Перед тем как покинуть поле, где проводились испытания, Владимир Ильич крепко пожал руку каждому рабочему, каждому инженеру, каждого ободрил:

— Все хорошо будет, уверяю вас!..

— Похоже на правду? — неожиданно прервал свой рассказ Зеленцов и поглядел на меня внимательно, будто я мог усомниться хоть в одном его слове.

— То, что похоже на правду, чаще всего и есть сама правда, — ответил я. — Такова моя точка зрения.

— Лично я уверен, — сказал Зеленцов, — что именно так все и было, и иначе быть не могло, в общем-целом.

На этом мы расстались. Я всю ночь под шум осеннего дождя думал о нашем разговоре. На следующий день мне предстояло закончить дачный сезон и отправиться в город на полуторке, которую обещали прислать с работы. Перед отъездом, когда прибыла машина, пошел попрощаться с соседом. Дело было под самый вечер, смеркаться начало. В доме Зеленцова не оказалось. Не нашел я его и в огороде. Кто-то из проходивших мимо, узнав, что я разыскиваю «романтика», посоветовал мне заглянуть в сарай за домом:

— Он любит там копошиться еще больше, чем в огороде.

Из сарая до меня донеслись какие-то звуки.
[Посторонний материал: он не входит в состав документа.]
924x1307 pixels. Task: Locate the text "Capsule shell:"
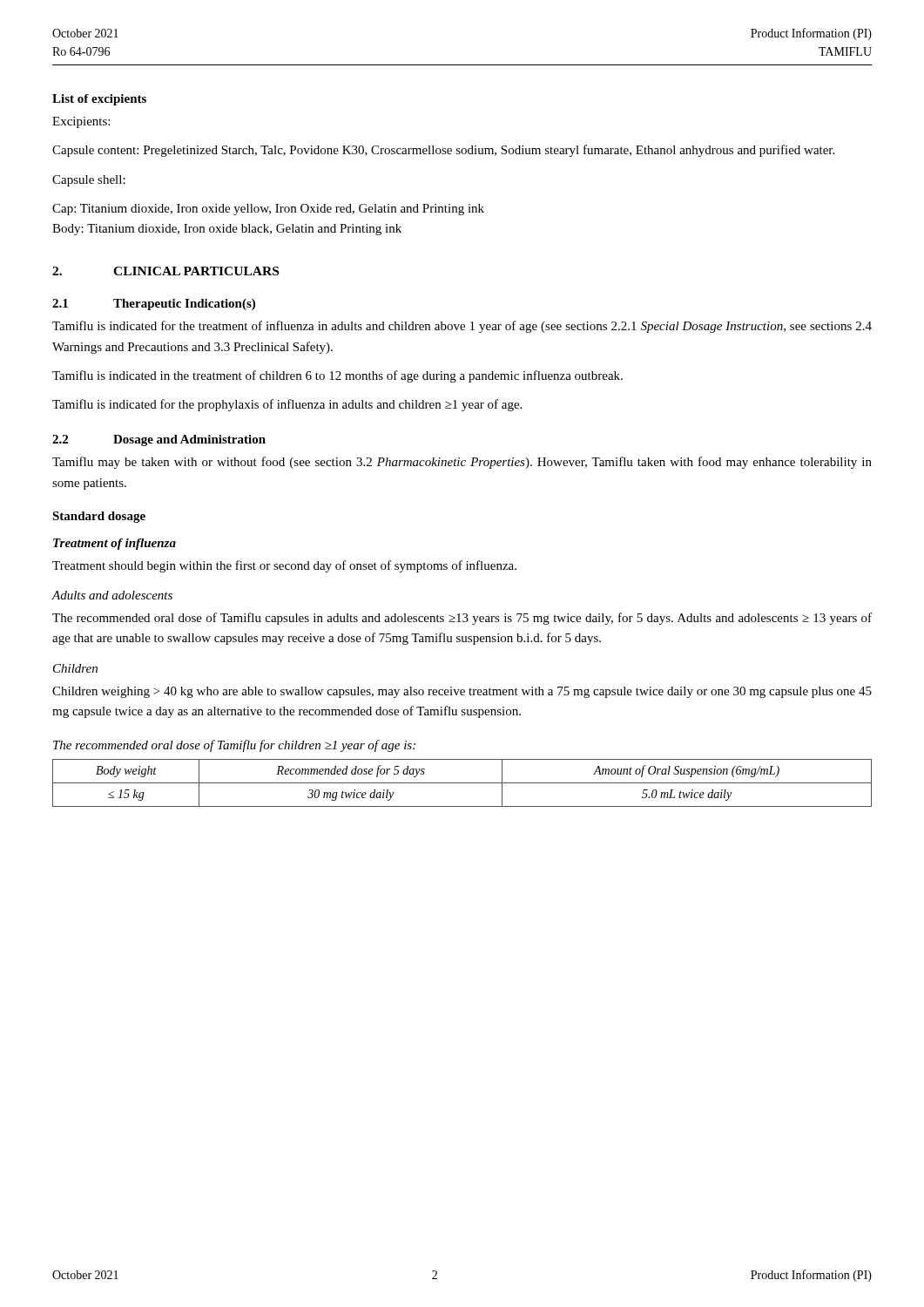[x=89, y=181]

Обе половинки железных ворот были притворены, но не очень плотно — из их узкого створа вырывался наружу размытый серым туманом неяркий свет.

— Можно? — робко спросил я, приоткрывая одну из половинок ворот.
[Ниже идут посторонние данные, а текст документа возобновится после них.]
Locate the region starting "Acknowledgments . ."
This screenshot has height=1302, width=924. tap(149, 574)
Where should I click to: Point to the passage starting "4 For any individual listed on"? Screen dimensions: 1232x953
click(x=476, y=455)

Зеленцов смутился, но только на одно мгновение:

— А, это ты!

— Попрощаться зашел, в Москву уезжаю. Всю ночь дождь лупил пополам со снегом. Заоктябрило как следует. Может, сообща двинемся? Место в машине найдется.

— Заходь, поговорим, — услышал я глухой, простуженный голос соседа. — У меня еще дел тут невпроворот.

Я вошел, но тут же дорогу мне преградило какое-то сооружение, немного похожее на комбайн, но в уменьшенном виде.

— Заходь, заходь смелей, только не зашибись, не поранься. Темный ты человек, городской, — повторил Зеленцов сказанную вчера фразу.

С этими словами сосед возник передо мной. Вид у него был таинственный. В его руках на металлической дужке раскачивался старенький керосиновый фонарь «летучая мышь». Выкручивая фитиль до максимума, Зеленцов восклицал:

— Узнаешь? Или нет? Вот штурвал управления. Вот штурвал глубины. Вот балансирная ось. А вот тебе и лемеха — один, второй, третий…

Я не верил своим глазам. Сосед спокойно, обстоятельно продолжал растолковывать:

— В натуральную величину стряпаю. Будь моя воля, я бы штучку эту для всеобщего обозрения выставил. На Бутырском хуторе, на той самой земле! Модель, но более-менее точная получается. А лемеха острей любой сабли, даже той, про которую в статейке напечатано. И сталь, доложу тебе, что надо! Не отличишь от той, Бонапартовой. Сам ковал, сам калил, сам затачивал. Скажи там в Москве кому следует. Пусть приедут, посмотрят.

Помолчал и добавил:

— Недельки через полторы, в общем-целом.